Data records:
--- START ---
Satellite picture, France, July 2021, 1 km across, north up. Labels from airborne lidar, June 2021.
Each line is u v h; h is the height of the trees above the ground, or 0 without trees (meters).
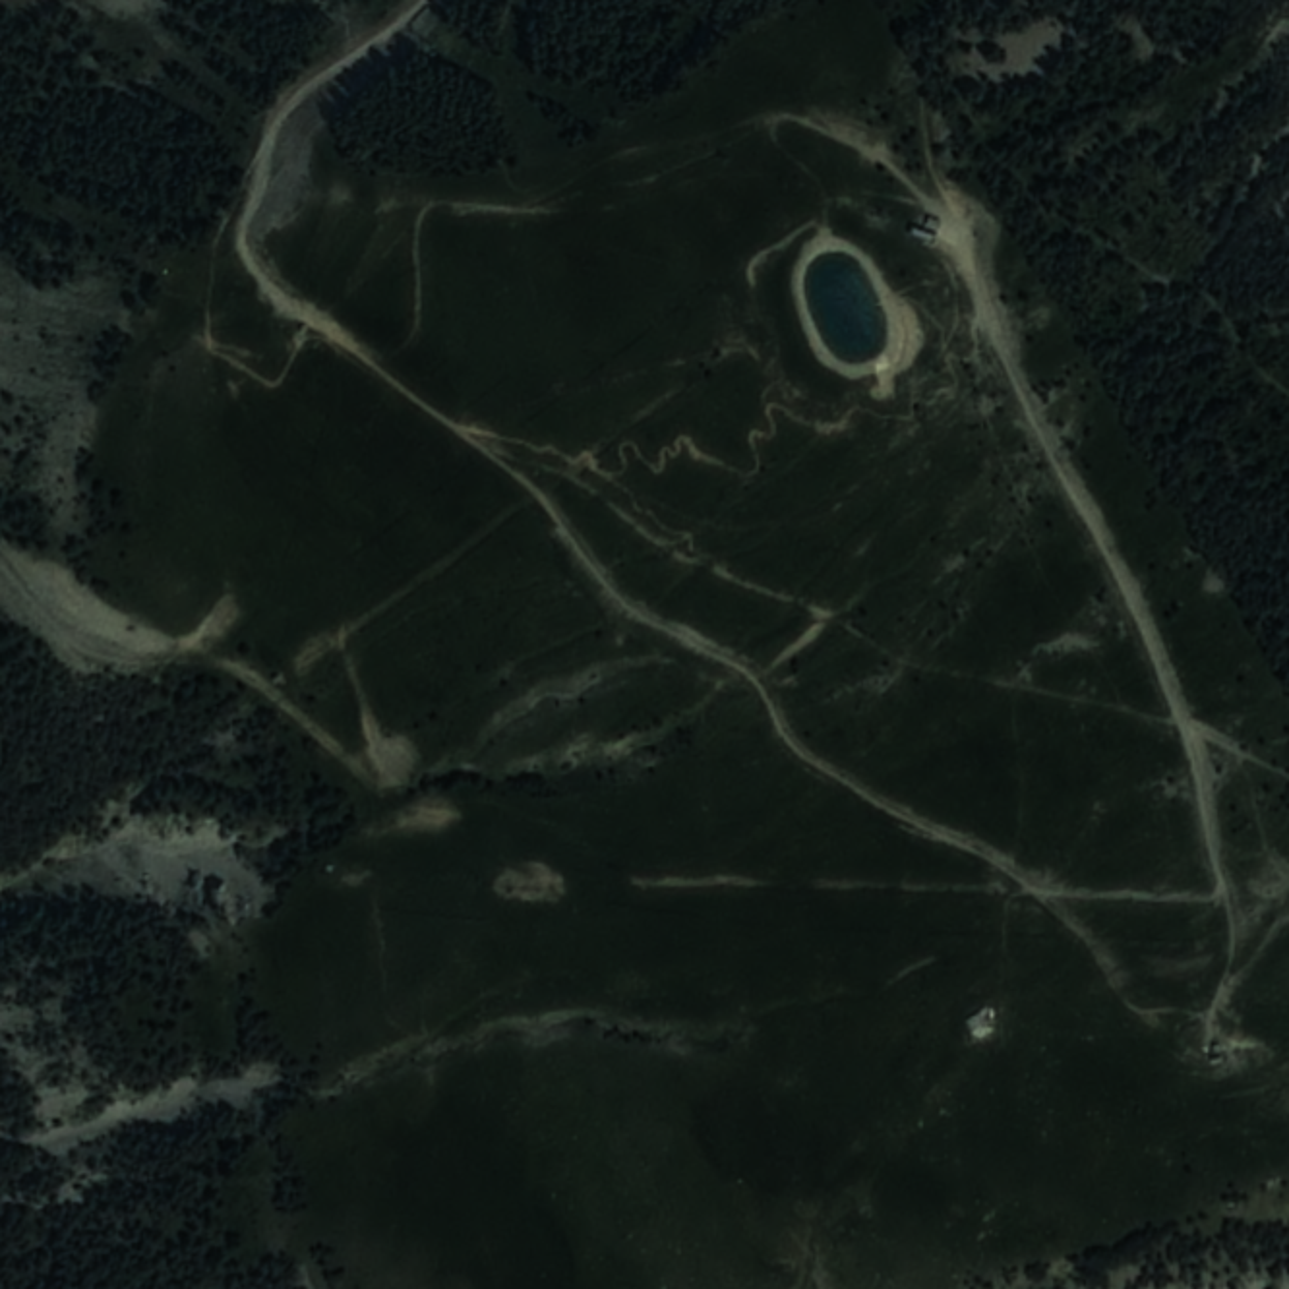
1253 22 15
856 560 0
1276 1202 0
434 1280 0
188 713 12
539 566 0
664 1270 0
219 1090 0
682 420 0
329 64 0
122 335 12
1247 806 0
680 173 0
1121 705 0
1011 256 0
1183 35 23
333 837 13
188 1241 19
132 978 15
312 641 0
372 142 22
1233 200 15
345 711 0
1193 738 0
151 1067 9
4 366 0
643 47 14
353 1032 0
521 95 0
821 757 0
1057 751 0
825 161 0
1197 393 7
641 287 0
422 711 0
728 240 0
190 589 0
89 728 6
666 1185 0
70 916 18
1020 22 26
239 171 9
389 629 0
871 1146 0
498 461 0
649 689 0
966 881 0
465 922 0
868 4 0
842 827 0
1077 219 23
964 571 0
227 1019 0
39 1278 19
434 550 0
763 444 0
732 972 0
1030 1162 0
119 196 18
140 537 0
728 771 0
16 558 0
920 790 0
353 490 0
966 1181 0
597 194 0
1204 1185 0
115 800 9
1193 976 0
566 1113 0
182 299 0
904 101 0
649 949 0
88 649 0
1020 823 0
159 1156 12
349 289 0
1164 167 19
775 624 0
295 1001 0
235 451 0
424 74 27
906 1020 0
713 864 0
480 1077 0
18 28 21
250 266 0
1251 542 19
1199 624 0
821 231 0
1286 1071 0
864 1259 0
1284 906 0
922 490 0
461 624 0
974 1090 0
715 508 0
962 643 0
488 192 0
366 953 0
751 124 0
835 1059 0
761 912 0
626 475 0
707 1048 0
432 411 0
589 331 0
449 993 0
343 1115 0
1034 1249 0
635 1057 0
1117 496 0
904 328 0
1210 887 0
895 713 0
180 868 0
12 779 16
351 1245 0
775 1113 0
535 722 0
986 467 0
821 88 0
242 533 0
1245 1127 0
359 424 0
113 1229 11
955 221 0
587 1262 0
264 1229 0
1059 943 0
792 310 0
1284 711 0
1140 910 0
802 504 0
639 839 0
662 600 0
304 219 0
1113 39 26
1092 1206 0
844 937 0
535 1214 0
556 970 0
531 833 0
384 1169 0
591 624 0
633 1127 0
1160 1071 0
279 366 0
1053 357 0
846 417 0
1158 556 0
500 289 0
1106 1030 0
--- END ---
WORK ITEM:
Copy the data precisely. Skip every picture.

WRITTEN ANSWER:
Satellite picture, France, July 2021, 1 km across, north up. Labels from airborne lidar, June 2021.
Each line is u v h; h is the height of the trees above the ground, or 0 without trees (meters).
1253 22 15
856 560 0
1276 1202 0
434 1280 0
188 713 12
539 566 0
664 1270 0
219 1090 0
682 420 0
329 64 0
122 335 12
1247 806 0
680 173 0
1121 705 0
1011 256 0
1183 35 23
333 837 13
188 1241 19
132 978 15
312 641 0
372 142 22
1233 200 15
345 711 0
1193 738 0
151 1067 9
4 366 0
643 47 14
353 1032 0
521 95 0
821 757 0
1057 751 0
825 161 0
1197 393 7
641 287 0
422 711 0
728 240 0
190 589 0
89 728 6
666 1185 0
70 916 18
1020 22 26
239 171 9
389 629 0
871 1146 0
498 461 0
649 689 0
966 881 0
465 922 0
868 4 0
842 827 0
1077 219 23
964 571 0
227 1019 0
39 1278 19
434 550 0
763 444 0
732 972 0
1030 1162 0
119 196 18
140 537 0
728 771 0
16 558 0
920 790 0
353 490 0
966 1181 0
597 194 0
1204 1185 0
115 800 9
1193 976 0
566 1113 0
182 299 0
904 101 0
649 949 0
88 649 0
1020 823 0
159 1156 12
349 289 0
1164 167 19
775 624 0
295 1001 0
235 451 0
424 74 27
906 1020 0
713 864 0
480 1077 0
18 28 21
250 266 0
1251 542 19
1199 624 0
821 231 0
1286 1071 0
864 1259 0
1284 906 0
922 490 0
461 624 0
974 1090 0
715 508 0
962 643 0
488 192 0
366 953 0
751 124 0
835 1059 0
761 912 0
626 475 0
707 1048 0
432 411 0
589 331 0
449 993 0
343 1115 0
1034 1249 0
635 1057 0
1117 496 0
904 328 0
1210 887 0
895 713 0
180 868 0
12 779 16
351 1245 0
775 1113 0
535 722 0
986 467 0
821 88 0
242 533 0
1245 1127 0
359 424 0
113 1229 11
955 221 0
587 1262 0
264 1229 0
1059 943 0
792 310 0
1284 711 0
1140 910 0
802 504 0
639 839 0
662 600 0
304 219 0
1113 39 26
1092 1206 0
844 937 0
535 1214 0
556 970 0
531 833 0
384 1169 0
591 624 0
633 1127 0
1160 1071 0
279 366 0
1053 357 0
846 417 0
1158 556 0
500 289 0
1106 1030 0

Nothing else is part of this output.